[Data items]
Content starts
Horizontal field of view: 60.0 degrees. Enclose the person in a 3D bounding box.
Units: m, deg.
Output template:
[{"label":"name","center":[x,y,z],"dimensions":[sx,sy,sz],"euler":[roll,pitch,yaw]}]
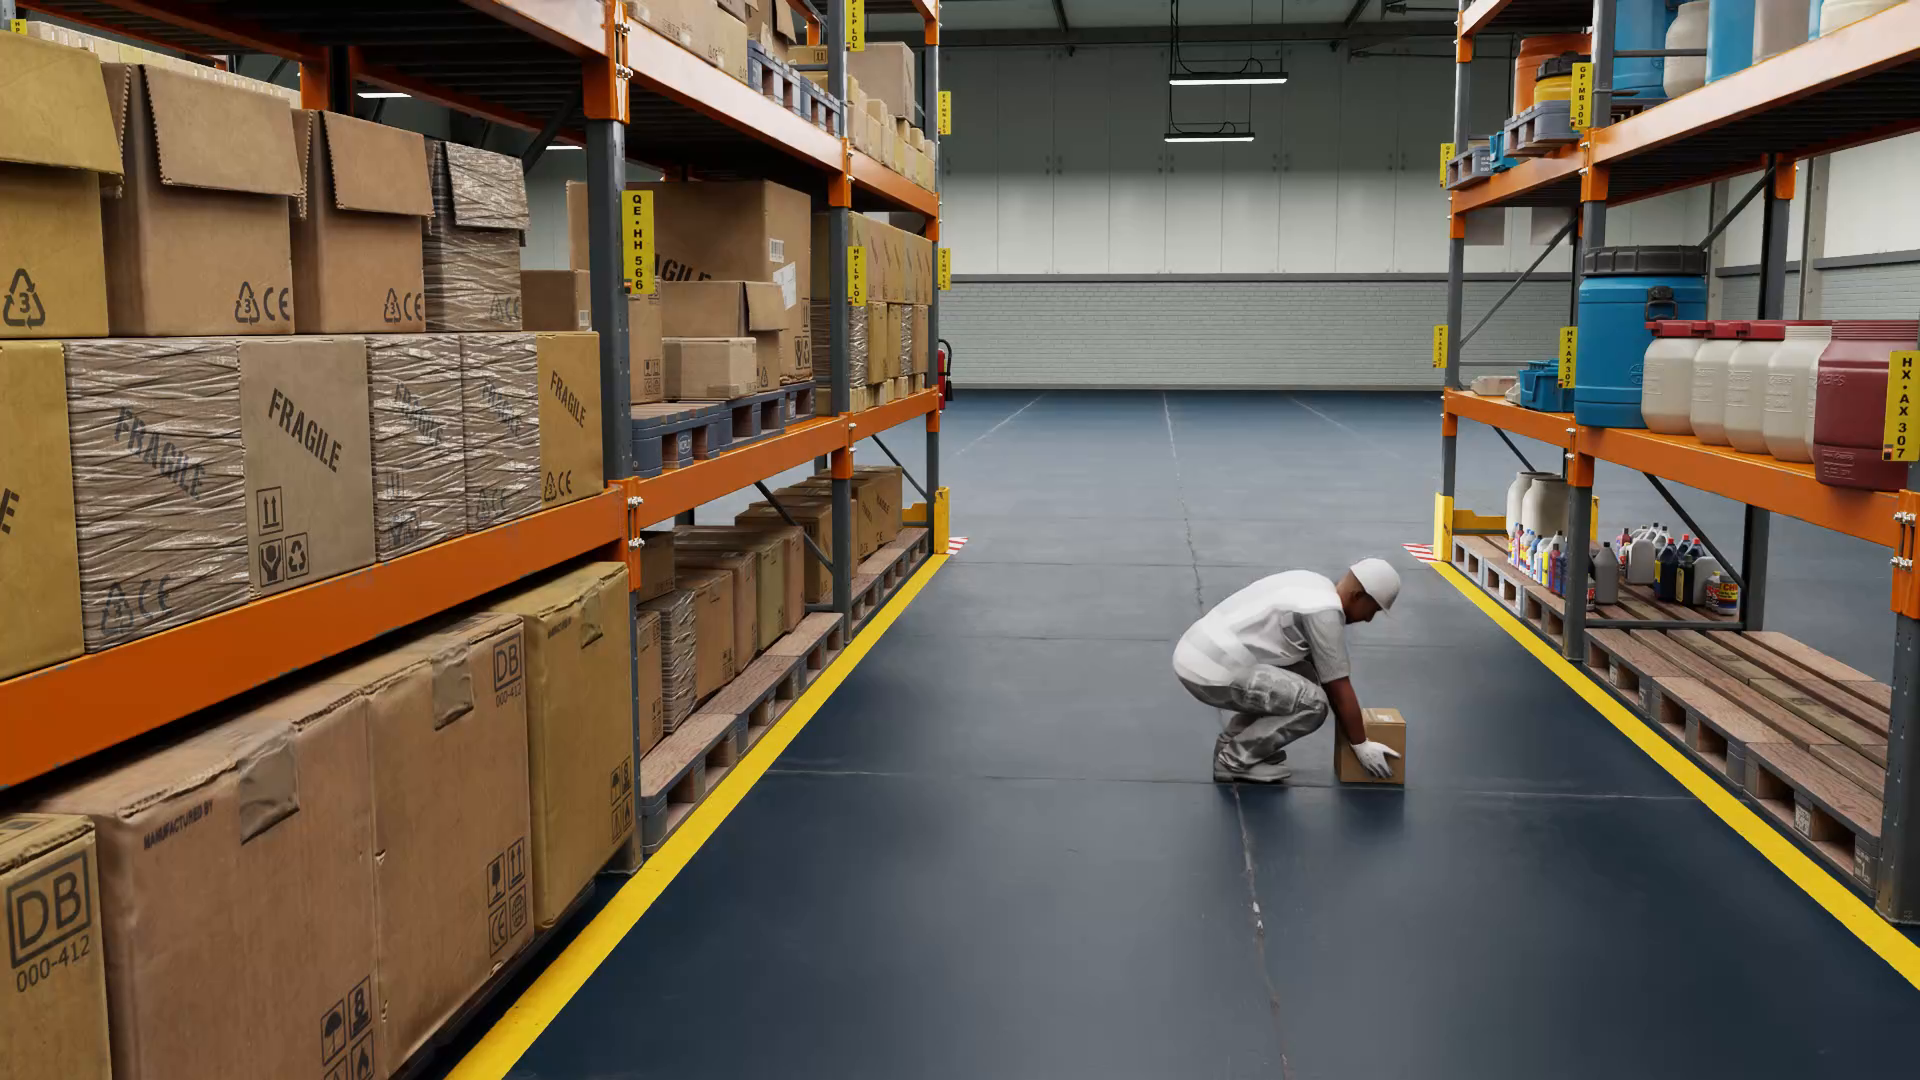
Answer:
Content ends
-- WHAT YOU WILL DO --
Please print the entries shown above again, exactly, and skip the pictures.

-- RESPONSE TO THIS TASK --
Horizontal field of view: 60.0 degrees. Enclose the person in a 3D bounding box.
Units: m, deg.
Output template:
[{"label":"name","center":[x,y,z],"dimensions":[sx,sy,sz],"euler":[roll,pitch,yaw]}]
Answer:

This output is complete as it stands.